- Stored entries -
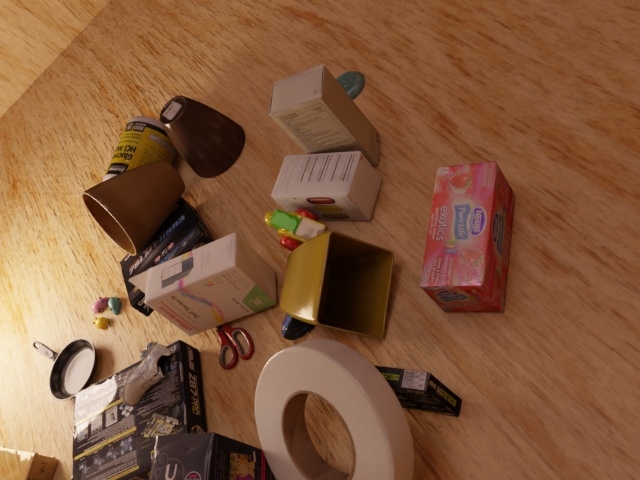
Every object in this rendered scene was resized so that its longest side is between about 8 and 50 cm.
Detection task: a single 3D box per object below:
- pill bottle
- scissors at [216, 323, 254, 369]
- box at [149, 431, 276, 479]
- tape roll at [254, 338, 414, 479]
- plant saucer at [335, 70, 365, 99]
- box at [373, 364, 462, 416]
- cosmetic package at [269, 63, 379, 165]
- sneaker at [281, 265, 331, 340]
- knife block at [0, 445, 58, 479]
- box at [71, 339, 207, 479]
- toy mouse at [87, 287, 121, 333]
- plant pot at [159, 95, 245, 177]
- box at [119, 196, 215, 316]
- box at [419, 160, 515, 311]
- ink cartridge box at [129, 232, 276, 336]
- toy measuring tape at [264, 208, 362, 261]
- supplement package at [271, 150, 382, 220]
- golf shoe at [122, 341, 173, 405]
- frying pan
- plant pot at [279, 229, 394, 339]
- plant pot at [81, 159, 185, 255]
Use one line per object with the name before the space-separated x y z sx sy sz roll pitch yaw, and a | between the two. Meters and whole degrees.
pill bottle | -0.607 -0.229 2.199 0.187 0.188 0.334 1 64 34
scissors | -0.268 0.229 1.813 0.109 0.021 0.297 -42 47 8
box | -0.220 0.520 1.435 0.165 0.270 0.144 -13 57 28
tape roll | 0.016 0.395 1.341 0.391 0.072 0.393 12 107 43
plant saucer | 0.076 -0.467 1.989 0.119 0.021 0.120 -16 56 26
box | 0.169 0.307 1.357 0.190 0.184 0.045 0 64 35
cosmetic package | 0.018 -0.303 1.736 0.160 0.309 0.113 -12 57 28
sneaker | -0.045 0.151 1.678 0.087 0.083 0.221 -2 56 48
knife block | -0.855 0.723 1.868 0.275 0.088 0.242 -3 61 32
box | -0.488 0.487 1.756 0.394 0.097 0.318 -29 49 17
toy mouse | -0.682 0.209 2.095 0.160 0.031 0.143 11 70 38
plant pot | -0.394 -0.348 2.098 0.215 0.230 0.216 -17 55 26
box | -0.465 0.041 1.980 0.295 0.073 0.293 -45 35 2
box | 0.328 -0.007 1.456 0.142 0.154 0.300 -4 61 33
ink cartridge box | -0.318 0.135 1.756 0.353 0.207 0.119 -22 47 18
toy measuring tape | 0.000 0.000 1.734 0.330 0.121 0.121 23 77 18
supplement package | 0.017 -0.142 1.756 0.244 0.139 0.134 1 63 35
golf shoe | -0.446 0.351 1.708 0.086 0.069 0.176 14 71 31
frying pan | -0.805 0.404 2.051 0.326 0.053 0.197 -9 59 32
plant pot | 0.023 0.108 1.554 0.187 0.212 0.212 -5 71 49
plant pot | -0.544 -0.123 2.004 0.237 0.237 0.254 23 56 41

- Task objective -
Look above for the line holding "- plant pot at [279, 229, 394, 339]" and the line holding "- plant pot at [81, 159, 185, 255]". Retype both, and every line between them, word for word and nothing else.

- Response to this task -
- plant pot at [279, 229, 394, 339]
- plant pot at [81, 159, 185, 255]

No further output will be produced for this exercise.